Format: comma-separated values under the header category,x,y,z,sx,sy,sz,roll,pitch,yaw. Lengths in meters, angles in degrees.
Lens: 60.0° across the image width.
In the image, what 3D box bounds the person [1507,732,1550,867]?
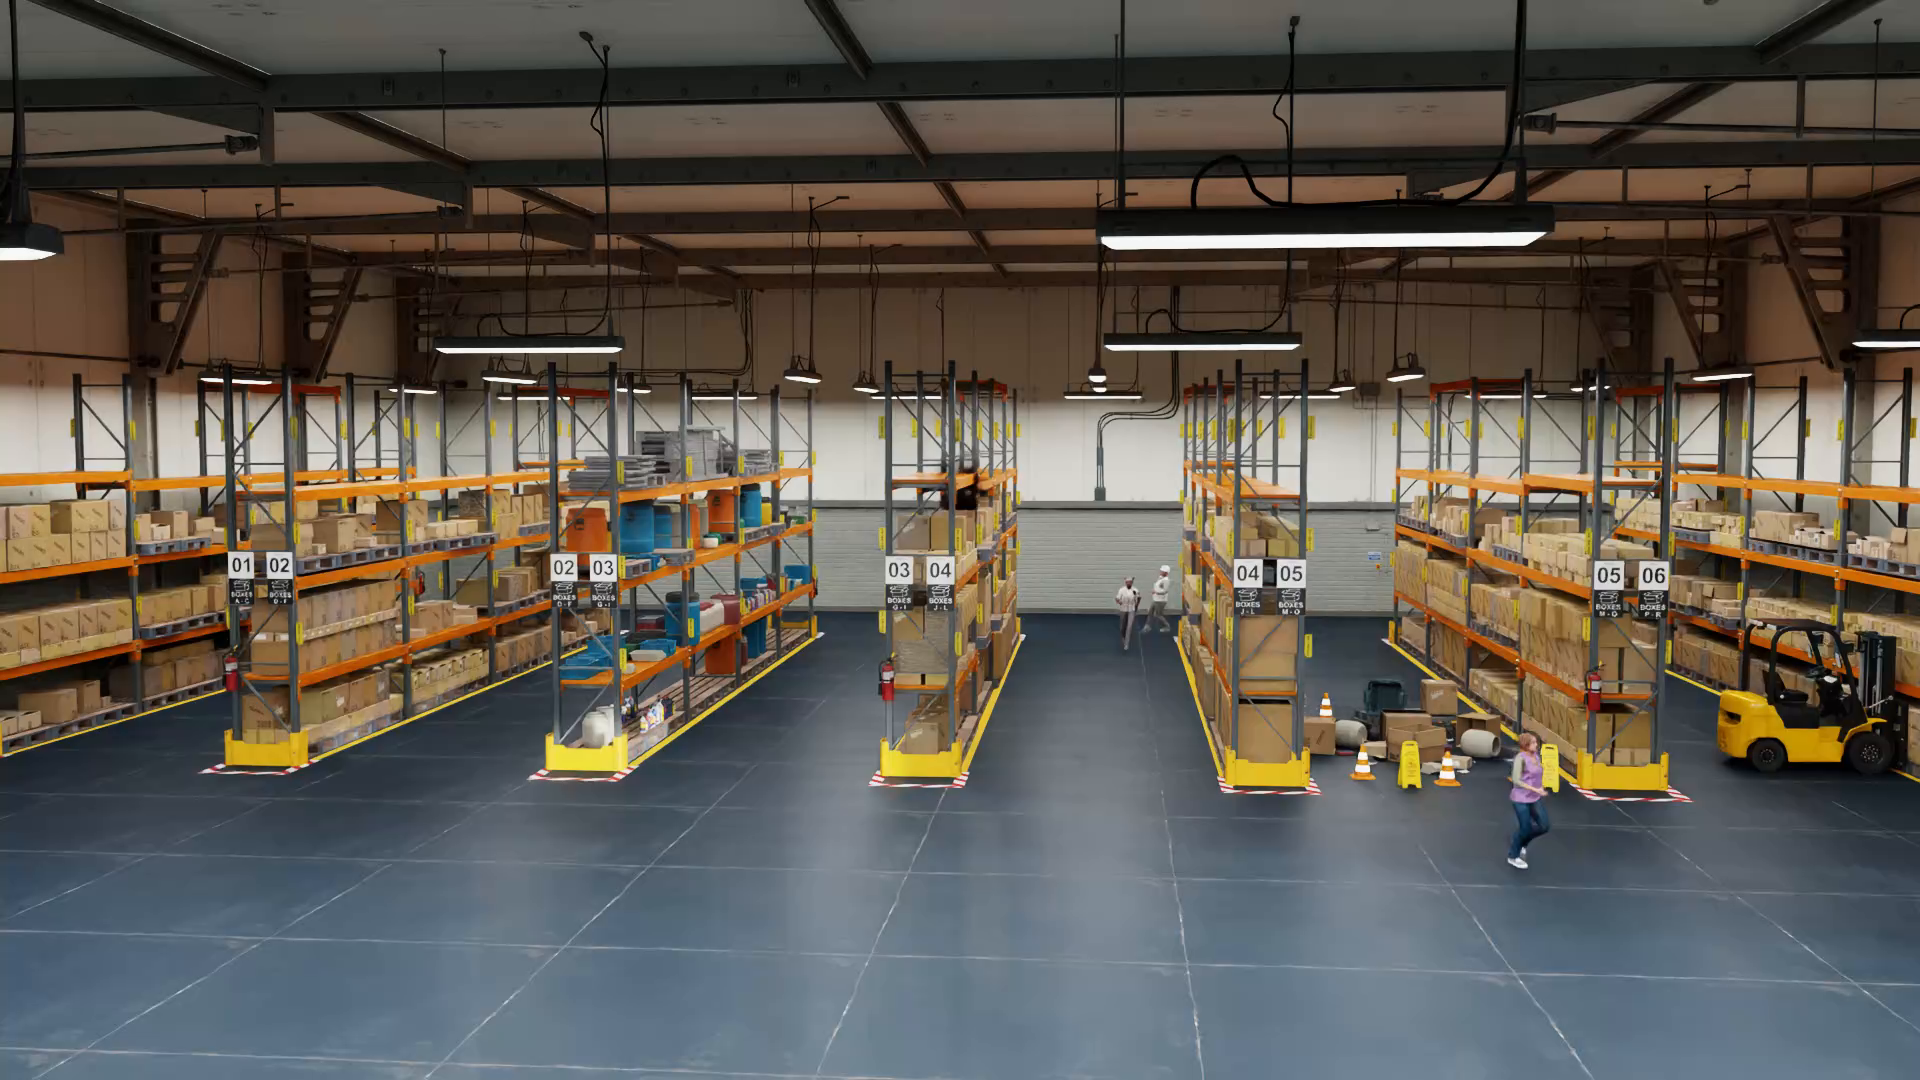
category,x,y,z,sx,sy,sz,roll,pitch,yaw
person,6.510,2.968,18.952,0.564,1.561,0.558,-3,5,-36

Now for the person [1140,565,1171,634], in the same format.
category,x,y,z,sx,sy,sz,roll,pitch,yaw
person,4.821,1.477,40.745,0.735,1.728,0.791,0,4,-2

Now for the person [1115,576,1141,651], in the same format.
category,x,y,z,sx,sy,sz,roll,pitch,yaw
person,3.856,1.650,38.124,0.587,1.697,0.928,0,4,6

┄┄┄┄┄┄┄┄┄┄┄┄┄┄┄┄┄┄┄┄

What the task requires
Only the lines from the one containing "Now for the person [1115,576,1141,651], in" through the end of the listing belong in the response, each reproduced exactly.

Your response
Now for the person [1115,576,1141,651], in the same format.
category,x,y,z,sx,sy,sz,roll,pitch,yaw
person,3.856,1.650,38.124,0.587,1.697,0.928,0,4,6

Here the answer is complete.